[Records from a data source]
════
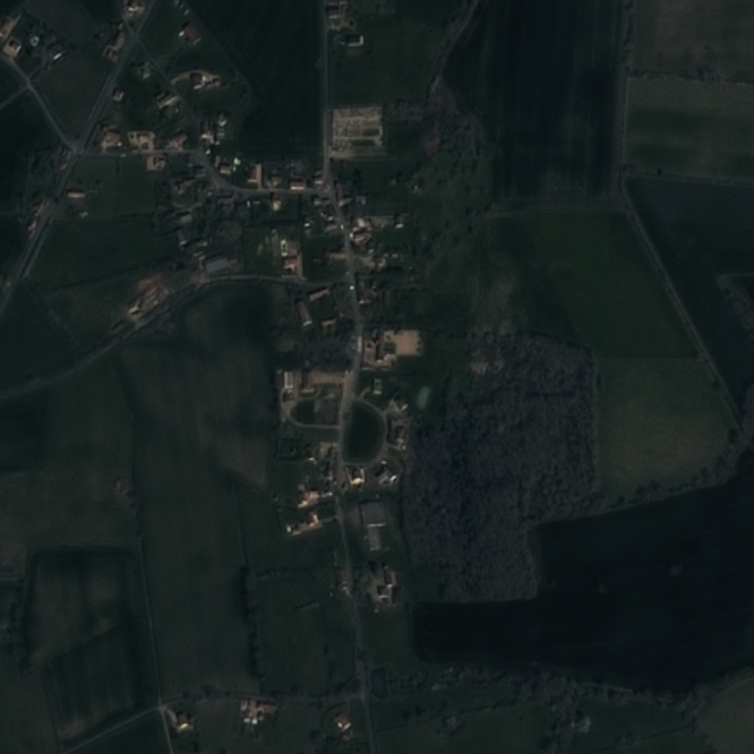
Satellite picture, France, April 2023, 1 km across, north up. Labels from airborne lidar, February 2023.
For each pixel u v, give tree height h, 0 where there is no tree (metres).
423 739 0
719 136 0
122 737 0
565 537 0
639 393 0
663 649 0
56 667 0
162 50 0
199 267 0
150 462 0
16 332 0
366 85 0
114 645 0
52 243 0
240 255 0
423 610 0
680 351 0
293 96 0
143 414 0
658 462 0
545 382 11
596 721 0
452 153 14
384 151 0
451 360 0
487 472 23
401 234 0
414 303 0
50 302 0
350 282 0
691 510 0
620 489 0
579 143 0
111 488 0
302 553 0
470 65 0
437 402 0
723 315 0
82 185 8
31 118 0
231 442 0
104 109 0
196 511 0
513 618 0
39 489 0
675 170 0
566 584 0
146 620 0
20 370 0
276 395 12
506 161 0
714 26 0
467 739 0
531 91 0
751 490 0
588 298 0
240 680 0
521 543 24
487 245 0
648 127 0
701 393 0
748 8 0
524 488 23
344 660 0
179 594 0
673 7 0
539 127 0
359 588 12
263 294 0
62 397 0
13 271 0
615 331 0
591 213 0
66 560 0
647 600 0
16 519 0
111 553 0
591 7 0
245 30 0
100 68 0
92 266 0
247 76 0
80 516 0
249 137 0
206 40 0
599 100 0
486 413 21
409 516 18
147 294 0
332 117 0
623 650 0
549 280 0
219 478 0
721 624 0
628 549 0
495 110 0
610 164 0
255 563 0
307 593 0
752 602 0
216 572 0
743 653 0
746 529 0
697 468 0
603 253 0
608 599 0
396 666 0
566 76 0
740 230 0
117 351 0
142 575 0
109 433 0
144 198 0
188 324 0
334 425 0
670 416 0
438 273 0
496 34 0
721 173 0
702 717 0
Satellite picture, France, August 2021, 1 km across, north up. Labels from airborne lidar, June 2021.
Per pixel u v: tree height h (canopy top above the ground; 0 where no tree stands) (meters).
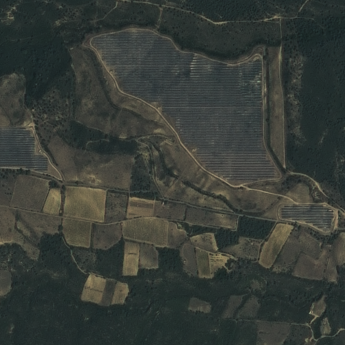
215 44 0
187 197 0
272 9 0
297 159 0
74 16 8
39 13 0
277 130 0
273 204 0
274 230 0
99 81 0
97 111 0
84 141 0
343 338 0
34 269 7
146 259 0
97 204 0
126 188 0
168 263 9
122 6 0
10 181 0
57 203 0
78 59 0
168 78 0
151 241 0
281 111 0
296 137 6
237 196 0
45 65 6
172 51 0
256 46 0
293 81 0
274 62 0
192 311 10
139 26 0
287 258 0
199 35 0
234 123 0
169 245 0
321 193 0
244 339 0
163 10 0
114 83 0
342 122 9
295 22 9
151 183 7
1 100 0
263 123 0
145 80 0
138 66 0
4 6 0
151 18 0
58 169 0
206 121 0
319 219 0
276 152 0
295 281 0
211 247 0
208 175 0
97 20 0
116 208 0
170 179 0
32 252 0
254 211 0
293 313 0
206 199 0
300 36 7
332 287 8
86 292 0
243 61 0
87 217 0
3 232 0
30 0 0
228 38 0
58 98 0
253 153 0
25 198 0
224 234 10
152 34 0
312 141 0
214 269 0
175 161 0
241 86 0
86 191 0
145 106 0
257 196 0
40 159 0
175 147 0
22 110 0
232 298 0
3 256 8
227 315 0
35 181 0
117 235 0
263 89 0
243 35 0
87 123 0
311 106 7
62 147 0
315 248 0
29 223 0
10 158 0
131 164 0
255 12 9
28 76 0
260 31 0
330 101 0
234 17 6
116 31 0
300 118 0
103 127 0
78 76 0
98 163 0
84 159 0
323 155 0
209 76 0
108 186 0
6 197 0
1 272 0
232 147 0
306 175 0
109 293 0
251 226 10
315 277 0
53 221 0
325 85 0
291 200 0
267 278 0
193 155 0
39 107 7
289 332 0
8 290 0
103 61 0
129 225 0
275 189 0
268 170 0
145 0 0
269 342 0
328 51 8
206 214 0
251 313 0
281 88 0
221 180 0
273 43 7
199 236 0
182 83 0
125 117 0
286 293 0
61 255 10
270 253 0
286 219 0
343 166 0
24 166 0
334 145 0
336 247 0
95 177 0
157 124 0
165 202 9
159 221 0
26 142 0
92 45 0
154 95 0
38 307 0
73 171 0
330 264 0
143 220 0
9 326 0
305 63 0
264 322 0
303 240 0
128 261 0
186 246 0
════
#### What this task involves:
Using the records above, list each line that includes "across".

#### Answer to the exercise:
Satellite picture, France, April 2023, 1 km across, north up. Labels from airborne lidar, February 2023.
Satellite picture, France, August 2021, 1 km across, north up. Labels from airborne lidar, June 2021.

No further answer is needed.